PGExplainer

class dgl.nn.pytorch.explain.PGExplainer(model, num_features, num_hops=None, explain_graph=True, coff_budget=0.01, coff_connect=0.0005, sample_bias=0.0)[source]

Bases: Module

PGExplainer from Parameterized Explainer for Graph Neural Network <https://arxiv.org/pdf/2011.04573>

PGExplainer adopts a deep neural network (explanation network) to parameterize the generation process of explanations, which enables it to explain multiple instances collectively. PGExplainer models the underlying structure as edge distributions, from which the explanatory graph is sampled.

Parameters:

  • model (nn.Module) –

    The GNN model to explain that tackles multiclass graph classification

    • Its forward function must have the form forward(self, graph, nfeat, embed, edge_weight).

    • The output of its forward function is the logits if embed=False else the intermediate node embeddings.

  • num_features (int) – Node embedding size used by model.

  • num_hops (int, optional) – The number of hops for GNN information aggregation, which must match the number of message passing layers employed by the GNN to be explained.

  • explain_graph (bool, optional) – Whether to initialize the model for graph-level or node-level predictions.

  • coff_budget (float, optional) – Size regularization to constrain the explanation size. Default: 0.01.

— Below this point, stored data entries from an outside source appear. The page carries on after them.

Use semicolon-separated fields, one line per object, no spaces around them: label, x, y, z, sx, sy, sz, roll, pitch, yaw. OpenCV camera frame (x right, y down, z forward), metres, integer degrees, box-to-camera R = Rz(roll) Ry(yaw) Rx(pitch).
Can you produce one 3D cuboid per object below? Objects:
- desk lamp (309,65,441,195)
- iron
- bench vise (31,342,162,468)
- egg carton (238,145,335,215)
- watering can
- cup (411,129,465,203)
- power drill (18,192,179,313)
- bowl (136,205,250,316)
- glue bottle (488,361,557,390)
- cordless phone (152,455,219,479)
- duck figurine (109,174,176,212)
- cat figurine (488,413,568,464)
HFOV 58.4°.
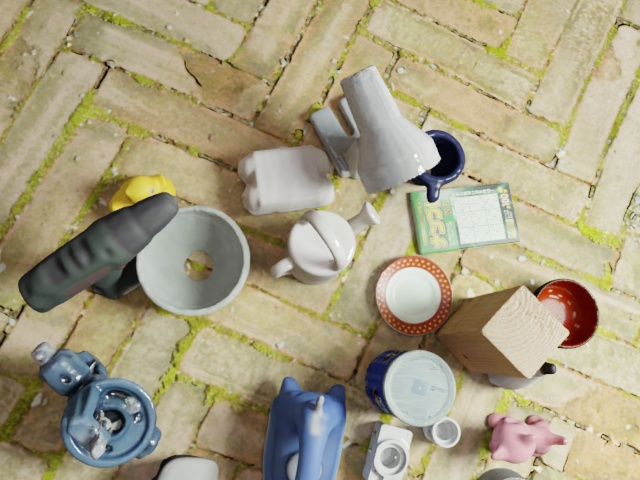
desk lamp;0.076;-0.159;0.875;0.118;0.213;0.203;-29;84;-11
iron;-0.023;0.332;0.810;0.118;0.141;0.258;9;79;-5
bench vise;-0.314;0.227;0.753;0.207;0.219;0.121;27;78;-1
egg carton;-0.054;-0.096;0.921;0.150;0.069;0.107;-9;81;-8
watering can;0.006;0.001;0.847;0.101;0.194;0.173;37;78;1
cup;0.179;-0.110;0.939;0.092;0.095;0.118;6;79;-6
power drill;-0.288;0.022;0.799;0.230;0.208;0.075;-34;85;-11
bowl;-0.190;0.036;0.877;0.167;0.074;0.167;1;80;-7
glue bottle;0.309;0.189;0.861;0.037;0.173;0.078;21;78;-2
cordless phone;-0.195;0.371;0.760;0.094;0.185;0.148;12;79;-4
duck figurine;-0.277;-0.069;0.880;0.104;0.086;0.077;-27;84;-11
cat figurine;0.309;0.303;0.869;0.128;0.117;0.067;3;79;-6
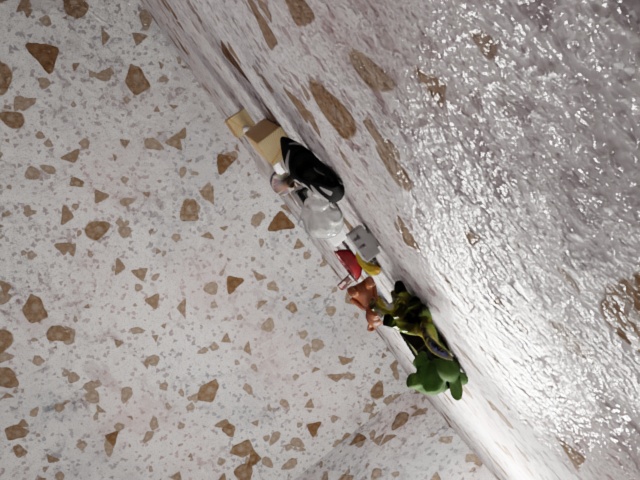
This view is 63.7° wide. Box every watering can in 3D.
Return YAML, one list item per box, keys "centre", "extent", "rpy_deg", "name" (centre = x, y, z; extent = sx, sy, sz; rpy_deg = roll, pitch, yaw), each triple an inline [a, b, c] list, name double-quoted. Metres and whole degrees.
- centre: [-0.214, -0.315, 2.136]
  extent: [0.228, 0.104, 0.341]
  rpy_deg: [50, 176, 30]
  name: "watering can"

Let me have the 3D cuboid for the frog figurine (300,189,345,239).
- centre: [0.005, -0.081, 1.602]
  extent: [0.138, 0.125, 0.156]
  rpy_deg: [16, 149, 21]
  name: "frog figurine"

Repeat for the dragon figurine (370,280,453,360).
- centre: [0.284, 0.238, 1.403]
  extent: [0.240, 0.121, 0.417]
  rpy_deg: [35, -171, -35]
  name: "dragon figurine"
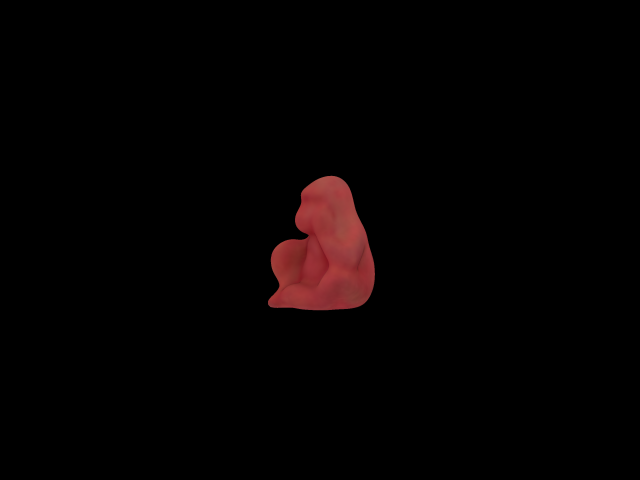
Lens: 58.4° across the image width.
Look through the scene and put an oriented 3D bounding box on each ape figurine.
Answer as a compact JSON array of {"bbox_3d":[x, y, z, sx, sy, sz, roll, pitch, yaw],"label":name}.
[{"bbox_3d":[0.004,0.001,0.400,0.076,0.092,0.077,-1,4,-23],"label":"ape figurine"}]
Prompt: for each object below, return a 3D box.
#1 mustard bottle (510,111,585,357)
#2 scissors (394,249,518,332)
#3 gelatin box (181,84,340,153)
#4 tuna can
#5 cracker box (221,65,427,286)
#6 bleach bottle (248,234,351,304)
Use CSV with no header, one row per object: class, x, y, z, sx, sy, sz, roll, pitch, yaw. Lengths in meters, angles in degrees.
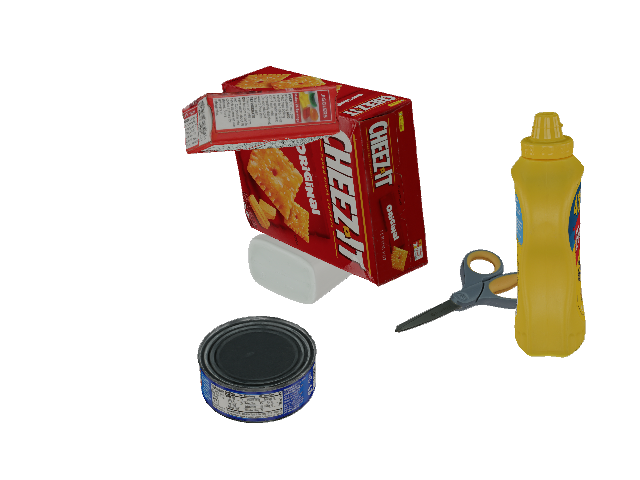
mustard bottle,0.185,-0.009,0.869,0.058,0.191,0.096,0,17,16
scissors,0.139,0.049,1.101,0.201,0.016,0.096,-7,40,-29
gelatin box,-0.036,-0.069,0.611,0.073,0.030,0.089,-6,3,-15
tuna can,-0.045,0.093,0.775,0.086,0.034,0.086,-1,32,0
cracker box,0.000,-0.067,1.020,0.072,0.164,0.214,-25,30,-30
bleach bottle,0.032,-0.016,1.271,0.103,0.068,0.250,23,39,31
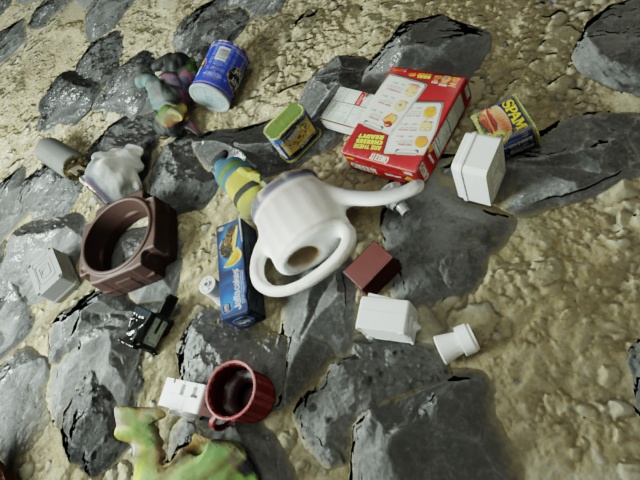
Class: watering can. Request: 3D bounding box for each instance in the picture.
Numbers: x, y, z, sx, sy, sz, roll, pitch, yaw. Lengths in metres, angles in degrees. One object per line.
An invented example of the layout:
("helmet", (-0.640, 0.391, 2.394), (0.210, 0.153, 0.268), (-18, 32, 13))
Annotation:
("watering can", (0.003, -0.047, 0.931), (0.346, 0.102, 0.229), (-38, 53, 7))

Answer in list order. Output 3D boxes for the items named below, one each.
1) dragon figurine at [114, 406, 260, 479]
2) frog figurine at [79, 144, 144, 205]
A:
("dragon figurine", (-0.197, 0.419, 0.778), (0.414, 0.120, 0.245), (39, 78, 20))
("frog figurine", (-0.475, -0.163, 1.228), (0.138, 0.121, 0.161), (40, 74, 3))
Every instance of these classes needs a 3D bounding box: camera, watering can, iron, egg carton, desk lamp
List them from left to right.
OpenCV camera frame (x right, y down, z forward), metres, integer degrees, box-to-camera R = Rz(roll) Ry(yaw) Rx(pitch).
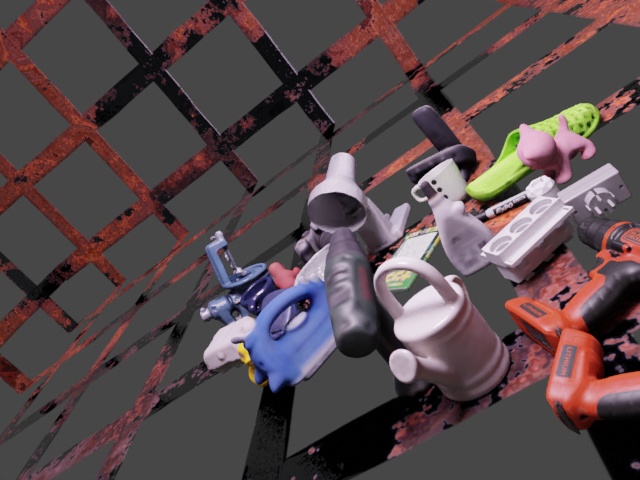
[{"bbox_3d":[-0.185,0.232,1.252,0.150,0.069,0.107,-28,21,32],"label":"egg carton"},{"bbox_3d":[-0.037,0.146,1.040,0.259,0.142,0.118,-47,19,-22],"label":"iron"},{"bbox_3d":[0.012,0.005,1.354,0.143,0.101,0.136,-40,17,0],"label":"camera"},{"bbox_3d":[0.079,-0.073,1.218,0.117,0.214,0.203,-28,21,33],"label":"desk lamp"},{"bbox_3d":[0.139,0.102,0.696,0.100,0.194,0.173,-32,19,23],"label":"watering can"}]

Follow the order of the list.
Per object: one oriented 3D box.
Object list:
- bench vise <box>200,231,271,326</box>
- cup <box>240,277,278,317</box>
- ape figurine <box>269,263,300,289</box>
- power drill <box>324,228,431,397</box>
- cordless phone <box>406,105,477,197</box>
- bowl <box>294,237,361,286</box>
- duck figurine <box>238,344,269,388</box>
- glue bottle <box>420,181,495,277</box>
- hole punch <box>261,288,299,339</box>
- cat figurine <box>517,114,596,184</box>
[{"bbox_3d":[-0.218,0.100,1.390,0.208,0.220,0.121,-50,20,-29],"label":"bench vise"},{"bbox_3d":[-0.119,0.149,1.277,0.091,0.095,0.118,-34,18,18],"label":"cup"},{"bbox_3d":[-0.084,0.090,1.357,0.077,0.092,0.076,-34,18,18],"label":"ape figurine"},{"bbox_3d":[0.078,0.105,0.792,0.075,0.209,0.229,-34,18,18],"label":"power drill"},{"bbox_3d":[0.239,-0.200,1.251,0.147,0.185,0.094,-26,22,37],"label":"cordless phone"},{"bbox_3d":[0.032,0.071,1.193,0.167,0.075,0.167,-35,18,14],"label":"bowl"},{"bbox_3d":[-0.123,0.226,1.112,0.077,0.086,0.104,-38,18,7],"label":"duck figurine"},{"bbox_3d":[0.211,-0.025,0.897,0.078,0.173,0.037,-33,19,19],"label":"glue bottle"},{"bbox_3d":[-0.079,0.163,1.168,0.108,0.091,0.101,-23,24,42],"label":"hole punch"},{"bbox_3d":[0.383,-0.157,0.962,0.128,0.118,0.067,-44,18,-14],"label":"cat figurine"}]

  • coff_connect (float, optional) – Entropy regularization to constrain the connectivity of explanation. Default: 5e-4.

  • sample_bias (float, optional) – Some members of a population are systematically more likely to be selected in a sample than others. Default: 0.0.

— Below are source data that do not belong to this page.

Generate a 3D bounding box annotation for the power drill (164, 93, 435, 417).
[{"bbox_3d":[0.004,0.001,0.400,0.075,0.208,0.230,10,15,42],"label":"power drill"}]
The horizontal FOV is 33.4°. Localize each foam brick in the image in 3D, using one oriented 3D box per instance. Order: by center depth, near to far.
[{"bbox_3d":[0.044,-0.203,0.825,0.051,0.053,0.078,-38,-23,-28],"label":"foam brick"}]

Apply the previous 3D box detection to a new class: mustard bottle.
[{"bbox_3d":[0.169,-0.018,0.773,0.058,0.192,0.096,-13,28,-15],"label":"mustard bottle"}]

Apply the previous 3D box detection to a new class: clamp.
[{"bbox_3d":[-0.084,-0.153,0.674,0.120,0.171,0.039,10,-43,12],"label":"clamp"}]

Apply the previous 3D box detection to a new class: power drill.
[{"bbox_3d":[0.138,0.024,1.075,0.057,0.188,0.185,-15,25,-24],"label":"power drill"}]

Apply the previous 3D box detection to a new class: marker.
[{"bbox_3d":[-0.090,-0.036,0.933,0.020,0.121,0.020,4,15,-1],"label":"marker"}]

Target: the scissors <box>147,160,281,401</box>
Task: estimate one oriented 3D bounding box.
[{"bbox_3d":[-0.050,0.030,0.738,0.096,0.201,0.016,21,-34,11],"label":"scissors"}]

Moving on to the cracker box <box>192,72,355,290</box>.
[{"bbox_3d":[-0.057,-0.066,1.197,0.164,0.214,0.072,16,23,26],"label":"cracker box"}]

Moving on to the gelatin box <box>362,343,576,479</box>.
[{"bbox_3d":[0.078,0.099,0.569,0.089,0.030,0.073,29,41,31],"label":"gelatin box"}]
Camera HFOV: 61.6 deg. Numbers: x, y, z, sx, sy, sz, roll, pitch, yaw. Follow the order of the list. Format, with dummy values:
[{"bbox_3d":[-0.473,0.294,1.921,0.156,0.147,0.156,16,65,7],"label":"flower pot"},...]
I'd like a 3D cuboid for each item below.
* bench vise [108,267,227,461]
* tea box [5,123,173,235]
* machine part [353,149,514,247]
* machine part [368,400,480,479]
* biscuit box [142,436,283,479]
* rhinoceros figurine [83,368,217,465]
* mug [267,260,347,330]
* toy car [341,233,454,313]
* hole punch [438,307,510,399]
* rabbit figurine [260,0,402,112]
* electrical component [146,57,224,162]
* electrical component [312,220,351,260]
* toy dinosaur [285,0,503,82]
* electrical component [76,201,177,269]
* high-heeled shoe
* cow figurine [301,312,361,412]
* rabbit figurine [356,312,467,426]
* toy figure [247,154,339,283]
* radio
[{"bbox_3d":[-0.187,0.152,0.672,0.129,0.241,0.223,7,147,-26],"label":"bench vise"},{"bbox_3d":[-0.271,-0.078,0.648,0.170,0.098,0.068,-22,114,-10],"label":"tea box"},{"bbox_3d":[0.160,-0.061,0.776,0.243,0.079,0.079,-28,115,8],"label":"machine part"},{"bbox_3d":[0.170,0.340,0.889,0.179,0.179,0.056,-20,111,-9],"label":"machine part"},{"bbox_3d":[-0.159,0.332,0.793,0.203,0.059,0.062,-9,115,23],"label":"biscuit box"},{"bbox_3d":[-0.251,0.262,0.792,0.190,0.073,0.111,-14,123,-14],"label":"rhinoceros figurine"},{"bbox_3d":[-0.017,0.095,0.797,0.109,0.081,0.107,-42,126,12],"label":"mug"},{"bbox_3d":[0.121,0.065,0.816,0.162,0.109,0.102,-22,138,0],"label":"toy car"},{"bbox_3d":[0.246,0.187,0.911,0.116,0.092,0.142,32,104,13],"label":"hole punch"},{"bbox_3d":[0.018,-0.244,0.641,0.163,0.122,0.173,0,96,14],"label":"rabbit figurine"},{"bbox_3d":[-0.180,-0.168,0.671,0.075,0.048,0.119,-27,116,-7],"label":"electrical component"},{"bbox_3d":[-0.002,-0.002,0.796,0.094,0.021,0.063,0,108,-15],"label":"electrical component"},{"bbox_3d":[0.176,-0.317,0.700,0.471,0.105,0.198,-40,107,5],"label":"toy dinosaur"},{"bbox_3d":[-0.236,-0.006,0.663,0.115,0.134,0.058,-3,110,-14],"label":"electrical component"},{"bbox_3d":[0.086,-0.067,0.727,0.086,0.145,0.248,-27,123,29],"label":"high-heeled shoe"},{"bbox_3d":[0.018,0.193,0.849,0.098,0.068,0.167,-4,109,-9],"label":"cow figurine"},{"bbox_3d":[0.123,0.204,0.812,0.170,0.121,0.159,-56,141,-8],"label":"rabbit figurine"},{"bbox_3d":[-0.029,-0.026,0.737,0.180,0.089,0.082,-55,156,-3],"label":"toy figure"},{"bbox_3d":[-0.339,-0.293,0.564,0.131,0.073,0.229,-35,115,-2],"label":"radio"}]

explain_graph(graph, feat, temperature=1.0, training=False, **kwargs)[source]

Learn and return an edge mask that plays a crucial role to explain the prediction made by the GNN for a graph. Also, return the prediction made with the edges chosen based on the edge mask.

Parameters:

  • graph (DGLGraph) – A homogeneous graph.

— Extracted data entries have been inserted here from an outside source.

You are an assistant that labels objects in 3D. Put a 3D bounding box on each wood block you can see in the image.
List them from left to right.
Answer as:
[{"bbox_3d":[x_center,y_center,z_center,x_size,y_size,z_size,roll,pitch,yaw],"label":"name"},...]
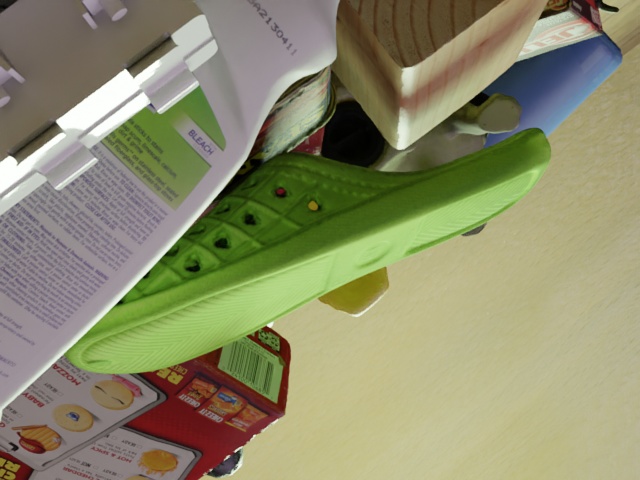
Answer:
[{"bbox_3d":[0.047,-0.118,0.518,0.090,0.091,0.206,-38,175,1],"label":"wood block"}]

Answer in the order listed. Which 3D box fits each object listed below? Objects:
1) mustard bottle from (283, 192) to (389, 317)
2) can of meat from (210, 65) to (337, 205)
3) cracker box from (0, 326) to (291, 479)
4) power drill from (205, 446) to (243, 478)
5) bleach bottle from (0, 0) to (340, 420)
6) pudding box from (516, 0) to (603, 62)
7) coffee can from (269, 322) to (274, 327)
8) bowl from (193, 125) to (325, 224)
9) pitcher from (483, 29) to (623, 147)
[{"bbox_3d":[-0.006,0.001,0.789,0.058,0.096,0.192,-43,-172,-3],"label":"mustard bottle"},{"bbox_3d":[-0.041,-0.070,0.532,0.102,0.057,0.084,-37,173,-5],"label":"can of meat"},{"bbox_3d":[-0.146,0.098,0.678,0.214,0.164,0.072,-41,-153,33],"label":"cracker box"},{"bbox_3d":[-0.167,0.126,0.798,0.188,0.184,0.057,-32,-171,30],"label":"power drill"},{"bbox_3d":[-0.078,-0.032,0.410,0.251,0.102,0.068,-39,-141,7],"label":"bleach bottle"},{"bbox_3d":[0.141,-0.159,0.786,0.114,0.039,0.089,-12,172,28],"label":"pudding box"},{"bbox_3d":[-0.126,0.075,0.960,0.140,0.103,0.103,-35,174,-25],"label":"coffee can"},{"bbox_3d":[-0.051,-0.049,0.655,0.162,0.055,0.162,-38,174,-5],"label":"bowl"},{"bbox_3d":[0.179,-0.134,1.064,0.243,0.145,0.149,-43,-165,19],"label":"pitcher"}]
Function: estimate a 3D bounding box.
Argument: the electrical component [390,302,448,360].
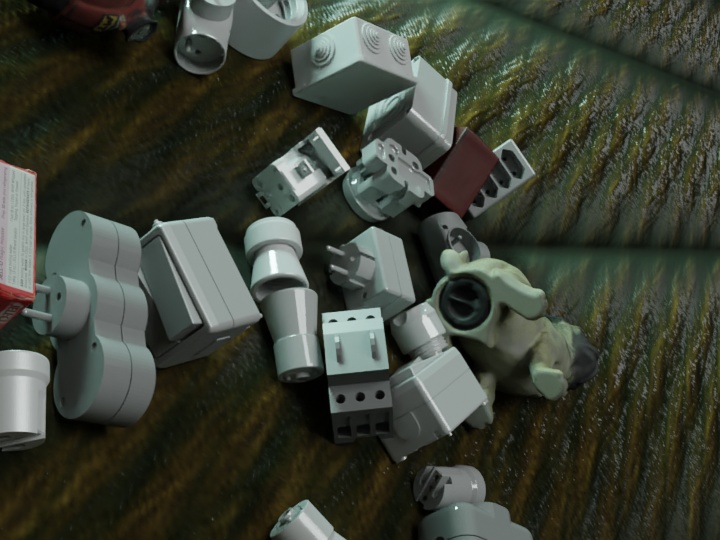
[{"bbox_3d":[0.056,0.063,0.930,0.043,0.043,0.062,-20,80,-57],"label":"electrical component"}]

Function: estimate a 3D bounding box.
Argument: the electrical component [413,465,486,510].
[{"bbox_3d":[0.070,0.174,0.855,0.046,0.040,0.040,14,51,-41],"label":"electrical component"}]

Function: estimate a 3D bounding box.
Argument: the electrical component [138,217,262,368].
[{"bbox_3d":[-0.123,0.009,0.720,0.061,0.062,0.096,-13,73,-57],"label":"electrical component"}]

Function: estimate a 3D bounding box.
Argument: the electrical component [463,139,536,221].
[{"bbox_3d":[0.134,-0.094,1.156,0.047,0.083,0.076,55,-6,-2],"label":"electrical component"}]

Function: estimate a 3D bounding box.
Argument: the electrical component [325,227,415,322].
[{"bbox_3d":[0.000,0.000,0.907,0.077,0.047,0.065,22,45,-42],"label":"electrical component"}]

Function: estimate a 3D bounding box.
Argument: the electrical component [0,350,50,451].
[{"bbox_3d":[-0.192,0.072,0.594,0.040,0.040,0.046,19,53,-45],"label":"electrical component"}]

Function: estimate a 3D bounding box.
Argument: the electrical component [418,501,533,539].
[{"bbox_3d":[0.091,0.218,0.829,0.095,0.054,0.059,30,40,-36],"label":"electrical component"}]

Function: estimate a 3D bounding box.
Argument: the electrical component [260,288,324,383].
[{"bbox_3d":[-0.048,0.051,0.804,0.044,0.044,0.065,16,55,-46],"label":"electrical component"}]

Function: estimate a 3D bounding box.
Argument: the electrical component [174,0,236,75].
[{"bbox_3d":[-0.127,-0.218,0.904,0.043,0.079,0.077,13,47,-17],"label":"electrical component"}]

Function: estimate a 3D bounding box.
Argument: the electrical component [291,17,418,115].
[{"bbox_3d":[-0.007,-0.194,1.024,0.100,0.100,0.048,9,68,-50],"label":"electrical component"}]

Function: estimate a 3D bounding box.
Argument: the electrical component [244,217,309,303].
[{"bbox_3d":[-0.065,-0.007,0.828,0.045,0.045,0.055,23,44,-42],"label":"electrical component"}]

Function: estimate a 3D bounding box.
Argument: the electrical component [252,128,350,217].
[{"bbox_3d":[-0.051,-0.079,0.890,0.064,0.081,0.042,-38,94,-36],"label":"electrical component"}]

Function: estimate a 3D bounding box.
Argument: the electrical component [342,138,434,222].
[{"bbox_3d":[0.022,-0.080,0.999,0.078,0.057,0.058,32,39,-34],"label":"electrical component"}]

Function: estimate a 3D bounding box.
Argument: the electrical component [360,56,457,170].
[{"bbox_3d":[0.051,-0.150,1.082,0.057,0.078,0.113,38,36,-22],"label":"electrical component"}]

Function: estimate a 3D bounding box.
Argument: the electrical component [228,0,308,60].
[{"bbox_3d":[-0.096,-0.257,0.995,0.108,0.060,0.108,34,39,-32],"label":"electrical component"}]

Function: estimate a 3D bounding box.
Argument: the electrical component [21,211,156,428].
[{"bbox_3d":[-0.172,0.025,0.649,0.074,0.052,0.138,20,47,-44],"label":"electrical component"}]

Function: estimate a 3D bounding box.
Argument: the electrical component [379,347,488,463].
[{"bbox_3d":[0.054,0.103,0.874,0.061,0.062,0.096,58,32,3],"label":"electrical component"}]

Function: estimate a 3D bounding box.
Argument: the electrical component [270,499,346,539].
[{"bbox_3d":[-0.028,0.185,0.712,0.065,0.044,0.044,48,32,-4],"label":"electrical component"}]

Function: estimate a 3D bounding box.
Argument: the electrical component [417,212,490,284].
[{"bbox_3d":[0.101,-0.012,1.050,0.079,0.044,0.077,5,57,-41],"label":"electrical component"}]

  • feat (Tensor) – The input feature of shape \((N, D)\). \(N\) is the number of nodes, and \(D\) is the feature size.

  • temperature (float) – The temperature parameter fed to the sampling procedure.

  • training (bool) – Training the explanation network.

  • kwargs (dict) – Additional arguments passed to the GNN model.

Returns:

  • Tensor – Classification probabilities given the masked graph. It is a tensor of shape \((B, L)\), where \(L\) is the different types of label in the dataset, and \(B\) is the batch size.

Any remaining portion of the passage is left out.